VIENNA (Reuters) – Austria’s Chancellor Karl Nehammer held “direct, open and tough” talks with Russian President Vladimir Putin in Moscow on Monday, in a visit that drew mixed European reactions including surprise, scepticism and condemnation.
Nehammer is the first European Union leader to meet Putin since he ordered his troops to invade Ukraine on Feb. 24.
While Austria generally maintains closer ties to Moscow than much of the European Union, that has not been the case recently.
Nehammer has expressed solidarity with Ukraine over the Russian invasion and denounced apparent Russian war crimes there, while his government has joined other EU countries in expelling Russian diplomats, albeit only a fraction of the large Russian diplomatic presence there.
In a statement after the meeting, Nehammer said the discussion with Putin was “very direct, open and tough”. He added that his most important message to Putin was that the war in Ukraine must end because “in a war there are only losers on both sides”.
A spokesman for Nehammer said on Monday afternoon that the meeting went ahead at Putin’s official Novo-Ogaryovo residence outside Moscow.
Austrian media including newspaper Kronen Zeitung said it had ended after about 90 minutes.
“Let’s hope there is more to the Austrian chancellor #Nehammer’s visit to Putin than has been said and meets the eye.

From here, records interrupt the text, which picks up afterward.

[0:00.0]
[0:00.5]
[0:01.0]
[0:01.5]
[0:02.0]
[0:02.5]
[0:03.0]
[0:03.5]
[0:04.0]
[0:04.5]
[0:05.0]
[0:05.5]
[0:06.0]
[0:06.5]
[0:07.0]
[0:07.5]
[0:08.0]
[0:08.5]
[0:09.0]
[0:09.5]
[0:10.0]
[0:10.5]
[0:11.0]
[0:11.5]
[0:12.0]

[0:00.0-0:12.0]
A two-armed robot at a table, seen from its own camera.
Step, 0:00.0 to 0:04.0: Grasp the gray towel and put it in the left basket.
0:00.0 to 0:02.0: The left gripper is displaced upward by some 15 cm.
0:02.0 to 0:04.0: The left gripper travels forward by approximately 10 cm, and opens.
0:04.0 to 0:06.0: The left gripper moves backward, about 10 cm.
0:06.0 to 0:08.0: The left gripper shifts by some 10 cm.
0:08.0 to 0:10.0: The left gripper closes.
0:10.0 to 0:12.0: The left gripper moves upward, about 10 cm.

Austria has all too often served the role of Moscow’s useful idiot in the past,” professor of comparative Austrian politics at the University of Salzburg Reinhard Heinisch wrote on Twitter https://twitter.com/reinhardheinis1/status/1513396220160626689?s=20&t=1JT2az6tHjOo6AwTCHGCfQ.
Conservative Nehammer’s coalition partner, the left-wing Greens, went even further by criticising the visit, while Germany welcomed the talks.

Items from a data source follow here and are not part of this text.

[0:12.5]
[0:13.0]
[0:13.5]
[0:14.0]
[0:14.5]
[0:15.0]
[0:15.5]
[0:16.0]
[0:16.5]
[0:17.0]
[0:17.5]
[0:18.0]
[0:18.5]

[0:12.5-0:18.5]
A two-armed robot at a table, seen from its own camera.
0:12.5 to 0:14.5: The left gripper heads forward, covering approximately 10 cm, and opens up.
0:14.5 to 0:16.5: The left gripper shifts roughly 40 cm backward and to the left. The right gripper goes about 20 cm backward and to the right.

“I cannot condone a visit to Putin,” the Greens’ foreign affairs spokesperson Ewa Ernst-Dziedzic said on Twitter https://twitter.com/dziedzic_ewa/status/1513201667835052032?s=20&t=1JT2az6tHjOo6AwTCHGCfQ. “This has nothing to do with diplomacy. This is also not an agreed roadmap for negotiations. Putin will use this for his propaganda.”
Having been visibly moved by telephone conversations with Ukrainian President Volodymyr Zelenskiy, Nehammer visited Ukraine on Saturday to show “political support” for Kyiv.
Confirming his visit to Moscow on Sunday, Nehammer referred to the invasion of Ukraine as “the Russian war of aggression” and called for an end to the conflict as well as a ceasefire and humanitarian corridors.